Sabtu 05 Nov 2022 08:05 WIB

Cukai Rokok Naik, BKF: Dampak Bagi Tenaga Kerja Minimal

Seiring naiknya tarif cukai pemerintah juga menaikkan DBH CHT menjadi 3 persen.

Rep: Retno Wulandhari/ Red: Indira Rezkisari
Warga berdiri di area kawasan tanpa rokok di Bandung, Jawa Barat, Jumat (28/10/2022). Pemerintah Provinsi Jawa Barat mendapat alokasi dana dari Kementerian Keuangan terkait kebijakan Dana Bagi Hasil Cukai Hasil Tembakau (DBHCHT) 2022 dengan total mencapai Rp 439 miliar yang merupakan kebijakan untuk menanggulangi dampak negatif rokok dengan 50 persen dari alokasi diprioritaskan untuk mendukung program Jaminan Kesehatan Nasional.
Foto: ANTARA/Novrian Arbi
Warga berdiri di area kawasan tanpa rokok di Bandung, Jawa Barat, Jumat (28/10/2022). Pemerintah Provinsi Jawa Barat mendapat alokasi dana dari Kementerian Keuangan terkait kebijakan Dana Bagi Hasil Cukai Hasil Tembakau (DBHCHT) 2022 dengan total mencapai Rp 439 miliar yang merupakan kebijakan untuk menanggulangi dampak negatif rokok dengan 50 persen dari alokasi diprioritaskan untuk mendukung program Jaminan Kesehatan Nasional.

REPUBLIKA.CO.ID, BOGOR -- Kenaikan tarif cukai hasil tembakau (CHT) untuk rokok dinlai tidak akan berdampak besar bagi tenaga kerja. Kepala Badan Kebijakan Fiskal (BKF) Febrio Kacaribu mengatakan keputusan tersebut sudah dipertimbangkan dari berbagai aspek termasuk dari sisi industri.

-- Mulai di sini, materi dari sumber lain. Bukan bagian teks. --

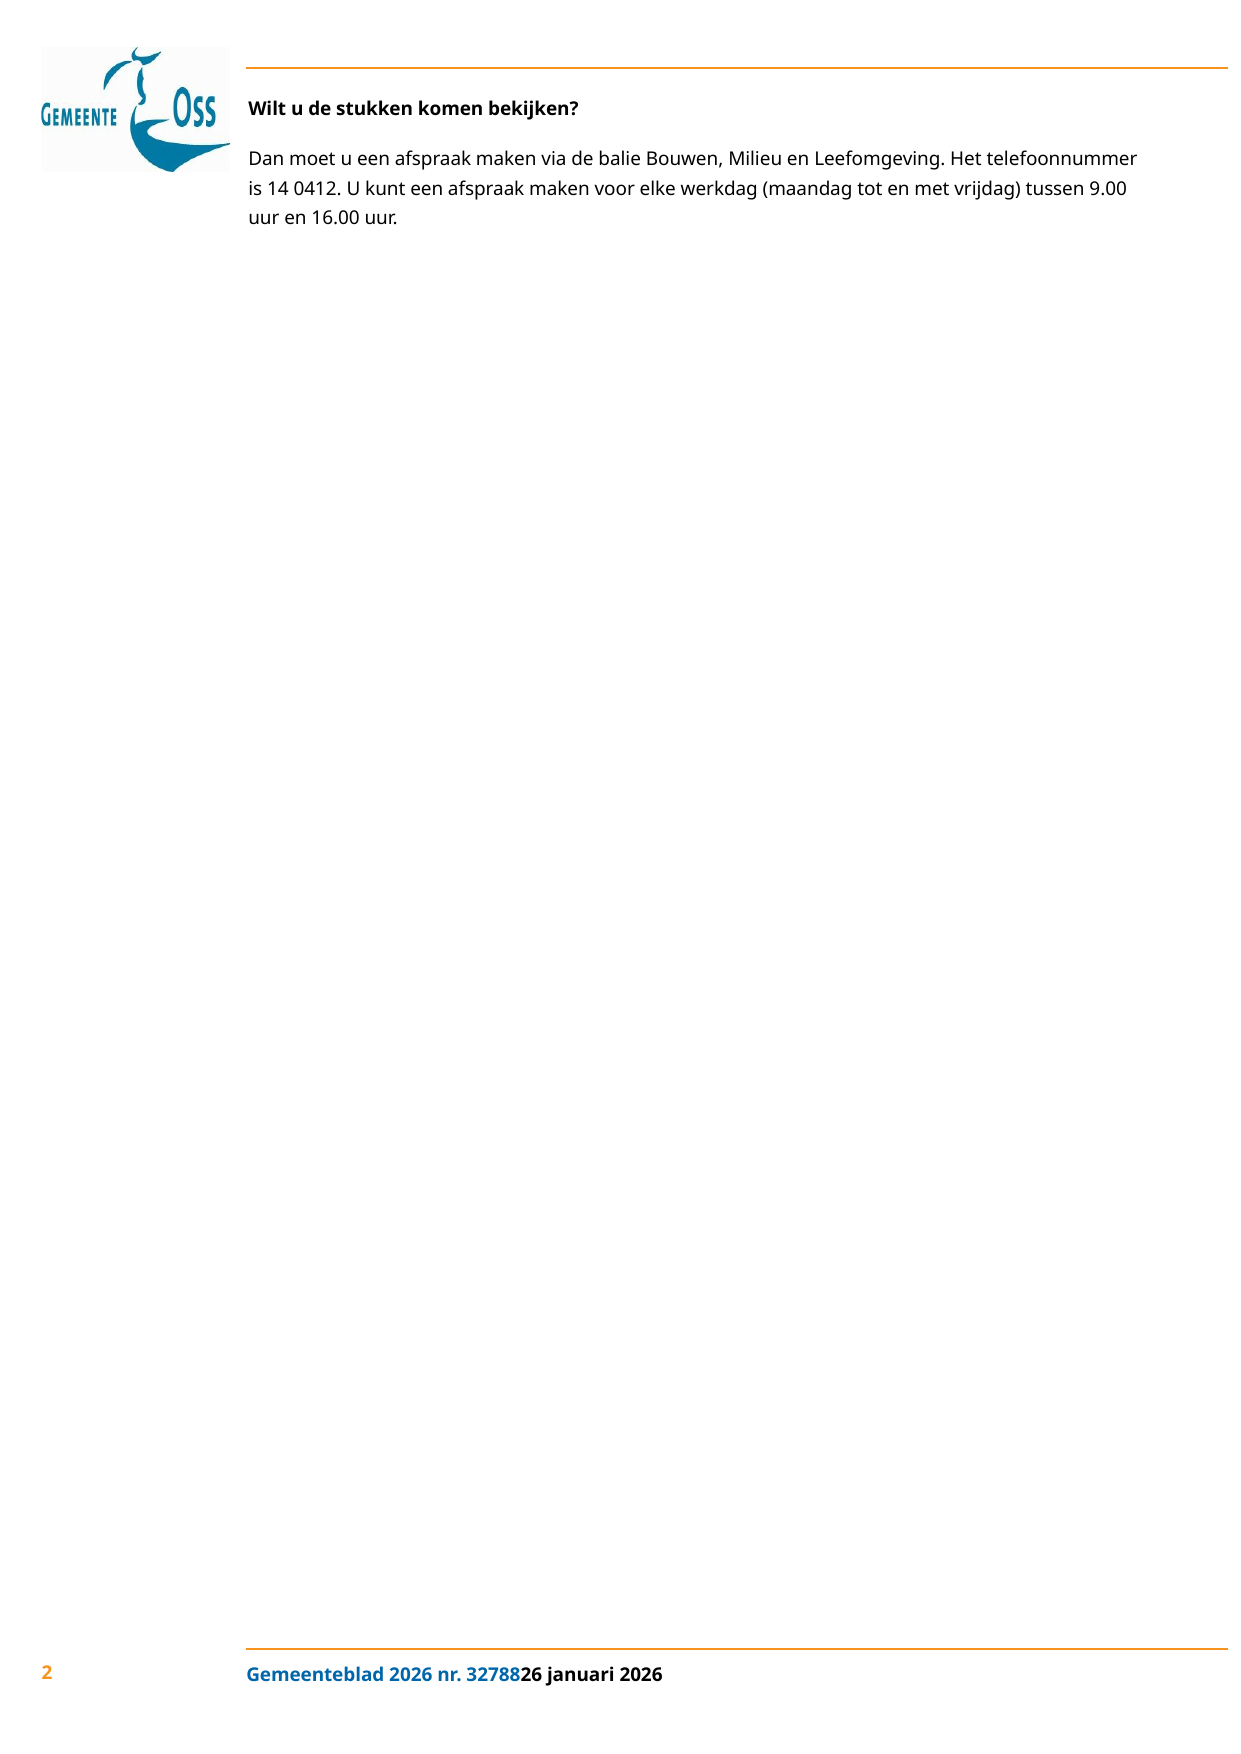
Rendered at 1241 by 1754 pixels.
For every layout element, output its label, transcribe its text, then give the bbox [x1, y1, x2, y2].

"Untuk kenaikan 10 persen kemarin, kita melihat dampak bagi tenaga kerja itu minimal," kata Febrio dalam acara media gathering di Bogor, Jumat (4/11/2022).

Baca Juga

Menurut Febrio, pemerintah selalu mempertimbangkan pabrik, tenaga kerja hingga petani tembakau setiap kali menyesuaikan tarif CHT. Pemerintah bahkan sudah menyiapkan instrumen Dana Bagi Hasil (DBH) CHT yang akan ditransfer ke daerah untuk memastikan kesejahteraan tenaga kerja dan petani tembakau.

Seiring naiknya tarif cukai, menurut Febrio, pemerintah juga akan menaikkan DBH CHT menjadi 3 persen dari sebelumnya 2 persen. Dengan kenaikan ini, daerah akan menerima DBH CHT sekitar Rp 6 triliun, meningkat dibandingkan dua tahun sebelumnya sebesar Rp 3 triliun.

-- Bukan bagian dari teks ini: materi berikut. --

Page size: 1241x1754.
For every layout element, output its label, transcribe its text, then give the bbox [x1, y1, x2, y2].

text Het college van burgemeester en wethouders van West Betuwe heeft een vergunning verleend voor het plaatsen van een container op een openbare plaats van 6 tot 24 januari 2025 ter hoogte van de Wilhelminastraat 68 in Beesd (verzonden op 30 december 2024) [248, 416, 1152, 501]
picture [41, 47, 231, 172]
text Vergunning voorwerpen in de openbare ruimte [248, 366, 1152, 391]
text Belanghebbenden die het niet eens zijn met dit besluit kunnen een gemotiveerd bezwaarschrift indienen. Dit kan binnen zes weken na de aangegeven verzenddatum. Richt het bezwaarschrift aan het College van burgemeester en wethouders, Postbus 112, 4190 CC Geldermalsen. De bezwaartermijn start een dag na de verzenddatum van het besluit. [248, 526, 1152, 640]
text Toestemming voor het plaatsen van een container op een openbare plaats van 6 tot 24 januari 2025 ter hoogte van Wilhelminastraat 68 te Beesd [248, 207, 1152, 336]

Febrio menjelaskan DBH CHT akan digunakan untuk meningkatkan kesehatan, meningkatkan produktivitas petani memberi pelatihan bagi tenaga kerja. "Kita harapkan meningkatnya DBH CHT ini akan membantu memberikan bantalan yang cukup kuat bagi transisi yang terjadi di level industri," ungkapnya.

Sebelumnya, pemerintah memutuskan untuk menaikkan tarif cukai hasil tembakau (CHT) untuk rokok sebesar 10 persen pada 2023 dan 2024. Menteri Keuangan Sri Mulyani menyampaikan, kenaikan tarif CHT pada golongan sigaret kretek mesin (SKM), sigaret putih mesin (SPM), dan sigaret kretek pangan (SKP) akan berbeda sesuai dengan golongannya.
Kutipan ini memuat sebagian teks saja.